One of the biggest problems I have with EBS is that, for me, it violates the principle of boundaries. Specifically, I like to architect solutions based upon known boundaries—that of a physical disk or a physical machine. By considering local, physical devices rather than unknown, remote logical devices made to look like a single physical device, we constrain the boundaries of failure to a single machine. In traditional RAID storage, the failure modes are well understood and are handled at the hardware level. In EBS, the complexity of the implementation and all of the moving parts and variables allows a lot of room for error such that it's possible to have an outage across the entire AWS region, despite the single availability zone promises made by Amazon to the contrary. Note that EBS only recently started offering an SLA, but what's a few credits to your account in the face of hours or even days of failure?
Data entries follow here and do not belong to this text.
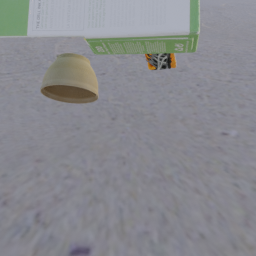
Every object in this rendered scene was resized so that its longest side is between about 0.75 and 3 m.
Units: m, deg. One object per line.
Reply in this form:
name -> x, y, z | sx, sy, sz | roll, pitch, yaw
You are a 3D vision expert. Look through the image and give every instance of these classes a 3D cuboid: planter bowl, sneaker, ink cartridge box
planter bowl -> -0.798, -0.716, 3.979 | 0.806, 0.542, 0.806 | 4, -13, 1
sneaker -> 0.719, -1.899, 6.734 | 0.746, 1.932, 0.756 | -14, 69, 10
ink cartridge box -> -0.406, -1.777, 3.258 | 2.432, 1.770, 0.583 | 1, -6, 9
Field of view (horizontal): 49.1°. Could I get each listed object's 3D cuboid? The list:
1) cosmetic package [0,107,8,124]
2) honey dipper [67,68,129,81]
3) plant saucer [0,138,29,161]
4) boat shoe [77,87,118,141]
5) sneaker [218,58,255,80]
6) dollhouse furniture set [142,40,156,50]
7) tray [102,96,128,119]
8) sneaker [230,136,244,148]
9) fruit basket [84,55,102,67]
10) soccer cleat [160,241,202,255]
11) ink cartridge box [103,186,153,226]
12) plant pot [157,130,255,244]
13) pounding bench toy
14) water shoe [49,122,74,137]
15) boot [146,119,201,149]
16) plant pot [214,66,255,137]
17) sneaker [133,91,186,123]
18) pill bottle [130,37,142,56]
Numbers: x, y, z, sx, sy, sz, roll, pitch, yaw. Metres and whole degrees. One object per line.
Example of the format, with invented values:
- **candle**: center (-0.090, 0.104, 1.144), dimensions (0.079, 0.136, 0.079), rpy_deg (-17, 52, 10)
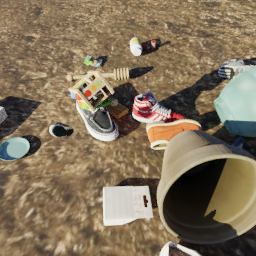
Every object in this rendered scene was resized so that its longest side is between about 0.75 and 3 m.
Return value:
- **cosmetic package**: center (-5.902, -0.139, 10.550), dimensions (1.581, 0.542, 2.096), rpy_deg (11, 44, 16)
- **honey dipper**: center (-1.405, -2.455, 13.102), dimensions (2.909, 0.552, 0.552), rpy_deg (-4, 43, 1)
- **plant saucer**: center (-4.017, 0.769, 9.846), dimensions (1.102, 0.151, 1.102), rpy_deg (0, 44, 0)
- **boat shoe**: center (-1.249, -0.634, 10.757), dimensions (1.009, 0.953, 2.812), rpy_deg (-19, 46, -20)
- **sneaker**: center (5.603, -2.780, 13.135), dimensions (2.461, 0.923, 1.421), rpy_deg (16, 43, 18)
- **dollhouse furniture set**: center (1.140, -4.554, 15.384), dimensions (0.777, 0.418, 0.316), rpy_deg (-3, 43, -3)
- **tray**: center (-0.625, -0.841, 11.530), dimensions (0.603, 0.226, 1.222), rpy_deg (-34, 52, -31)
- **sneaker**: center (3.559, 1.014, 9.361), dimensions (0.752, 0.643, 1.832), rpy_deg (40, 55, 11)
- **fruit basket**: center (-1.761, -3.393, 14.177), dimensions (0.787, 0.369, 0.729), rpy_deg (13, 44, 10)
- **soccer cleat**: center (1.805, 3.458, 6.371), dimensions (2.400, 0.931, 0.832), rpy_deg (24, 48, 23)
- **ink cartridge box**: center (-0.029, 2.234, 8.174), dimensions (1.376, 0.345, 1.107), rpy_deg (0, 43, -6)
- **plant pot**: center (2.022, 1.302, 7.751), dimensions (2.783, 2.783, 2.415), rpy_deg (-4, 26, -4)
- **pounding bench toy**: center (-1.024, -0.929, 8.629), dimensions (1.019, 1.307, 0.812), rpy_deg (-45, 29, -13)
- **water shoe**: center (-2.036, 0.038, 8.232), dimensions (0.419, 1.061, 0.379), rpy_deg (29, 94, 22)
- **boot**: center (1.697, 0.289, 10.025), dimensions (1.986, 0.745, 1.065), rpy_deg (-6, 49, 2)
- **plant pot**: center (4.167, -0.699, 10.036), dimensions (1.675, 2.500, 2.500), rpy_deg (-27, 43, 10)
- **sneaker**: center (1.202, -0.723, 10.690), dimensions (2.092, 1.176, 0.745), rpy_deg (8, 44, 9)
- **pill bottle**: center (0.441, -4.336, 15.008), dimensions (0.611, 0.611, 1.171), rpy_deg (-2, 44, -2)

Fortunately, there are a lot of public AMIs maintained by the OS vendors that use instance-based storage rather than EBS storage. One reason we don't use them is because they're not actively promoted—in fact, they're typically hidden because of the support burden to Amazon resulting from misunderstanding about their durability guarantees—that and they're more difficult to work with, such as snapshotting, and other use cases.

One question people have is whether S3 is just EBS under the hood. The answer to that is no. S3 was the original cloud offering from Amazon from 2004 and operates on the principle of replication. EBS is a relatively new invention (circa late 2009 or so).

If you're the type that likes to get bitten hard by catastrophic failures and massive data loss, then by all means, keep using EBS. It's only a matter of time before an EBS outage strikes again. And please, try to stay out of Virginia (us-east-1), it seems to be the most susceptible to EBS failures.